Science isn't some binary thing. You can do poor science, and you can do great science. Some variables are hard or impossible to control for. Some fields make this simpler than others. I'd say that as we've continually endeavored with the sciences we're probably better at it now than we've ever been before.
Synthetic conditions are absolutely critical to science. Typically, the more conditions you can specify in the experiment, the more reproducible it should be. Some of these are very difficult, and others in the thread have pointed out that some don't get labeled in the journals.
If we ran such experiments in the wild, completely outside of control, then we can never know what we're really observing. By controlling the environmental variables your observations gain meaning.
Yes, because you are trying to control your variates?
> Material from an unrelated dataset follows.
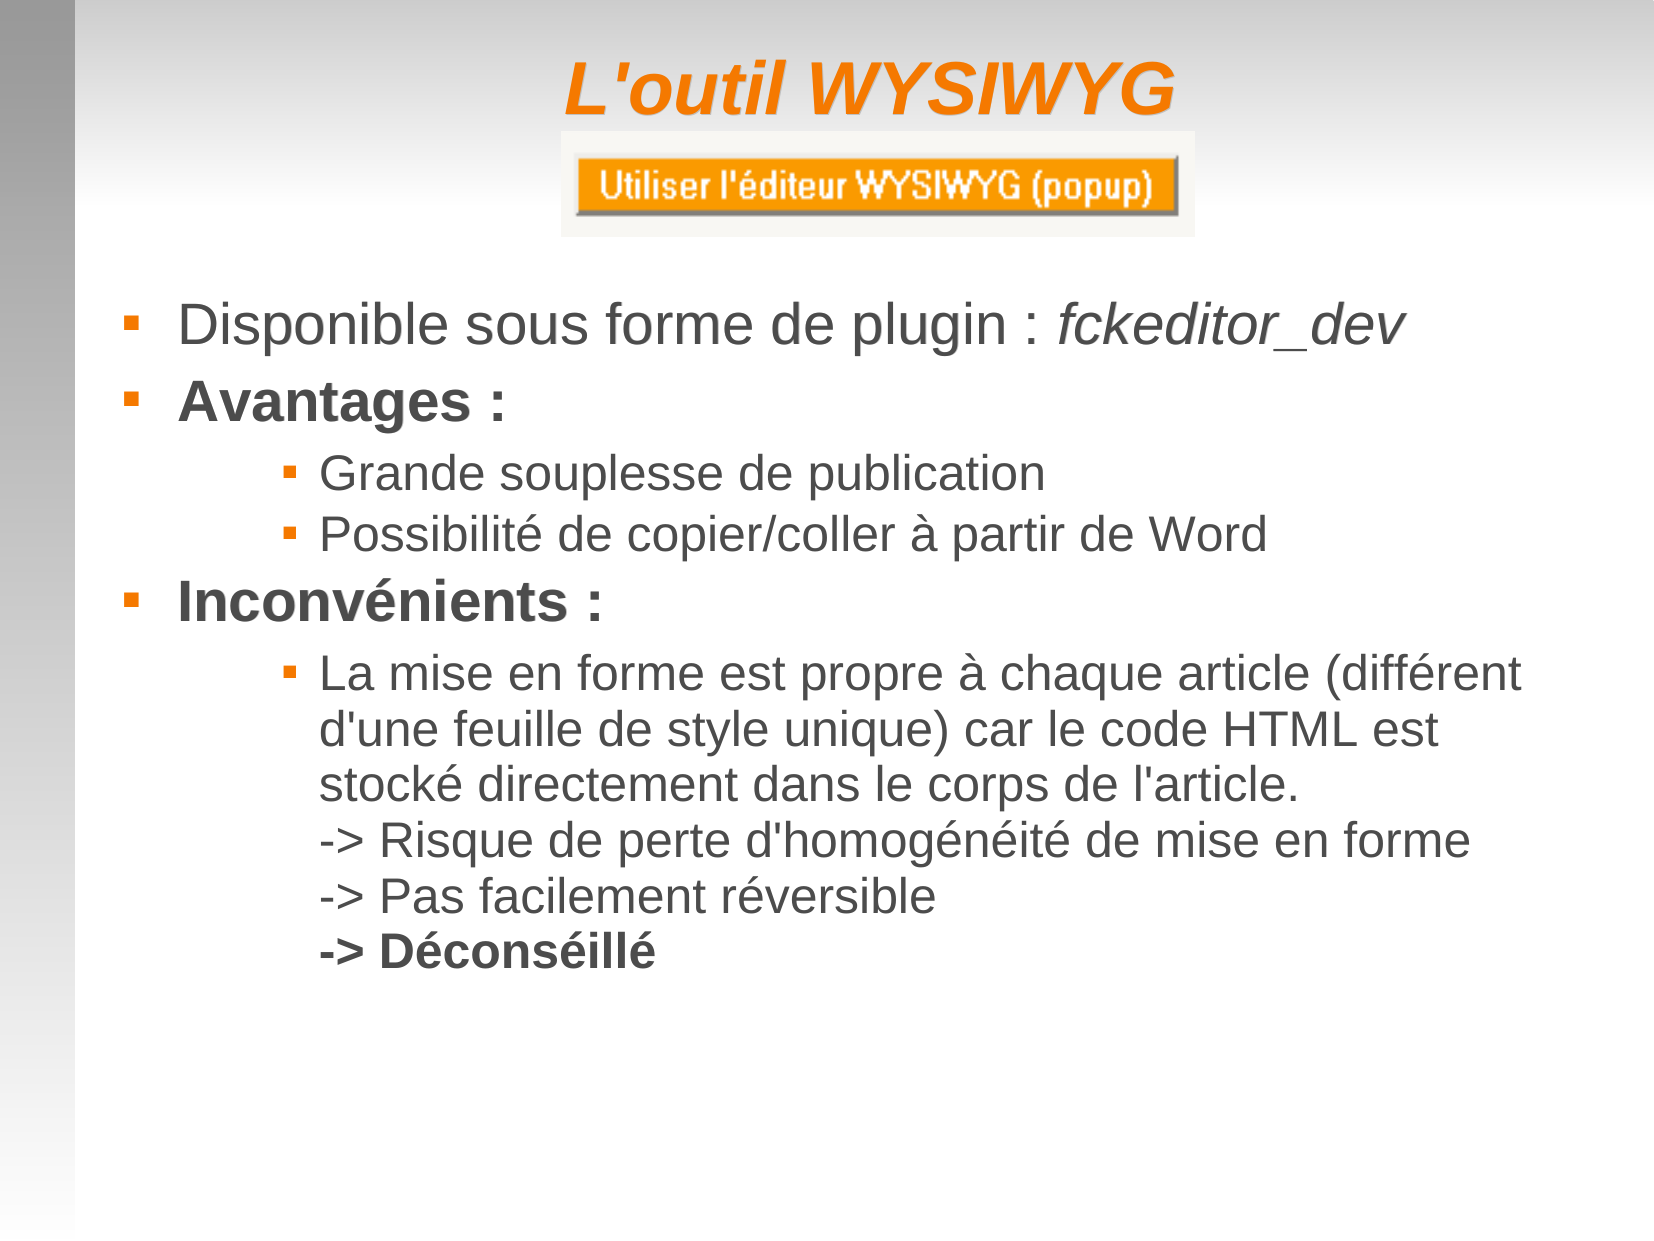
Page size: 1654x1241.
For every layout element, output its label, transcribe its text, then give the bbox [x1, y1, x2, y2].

Just because physics is the most amenable to experimental control does not mean that the only real science is physics.
I mean by that measure, medicine is not a science either because we don't know most of the possible confounding variables. That doesn't mean that attempting to use the scientific method still isn't the correct choice.
> Just because physics is the most amenable to experimental control does not mean that the only real science is physics.
That's not what I'm trying to say here at all. The point isn't about how amenable you are to experimental control. The point is that even when experimental control is easy to isolate out, like in the physics example above (which I don't think is true in all of physics, by the way), it's not free. You're trying to compensate for the lack of available statistical power to measure an effect in noisy data by cutting down on the noise in the data. But you're doing it by generating the data in an environment that doesn't exist outside of laboratory conditions. Writing off replication failure as not being a problem because lab conditions are difficult to reproduce misses this; if the findings are difficult to replicate in other conditions, that could indicate that the findings are more narrow in scope than the study suggests. As I pointed out downthread, for example, if all the rodents in an experiment on a drug are on the same diet, all the experiment proves (assuming it's otherwise well run) is that the drug works in combination with this diet. If the drug works independently of diet, then the findings on the drug are generalizable. If it doesn't, though, they aren't. And if you have 60 years of medical research based in part on studies with rodents who eat diets very differently than what rodents eat in the wild, or what people eat, then it raises all sorts of questions about the state of medical research. That doesn't mean that medicine isn't a real science, it just raises questions about how well it tells us what we think it's telling us.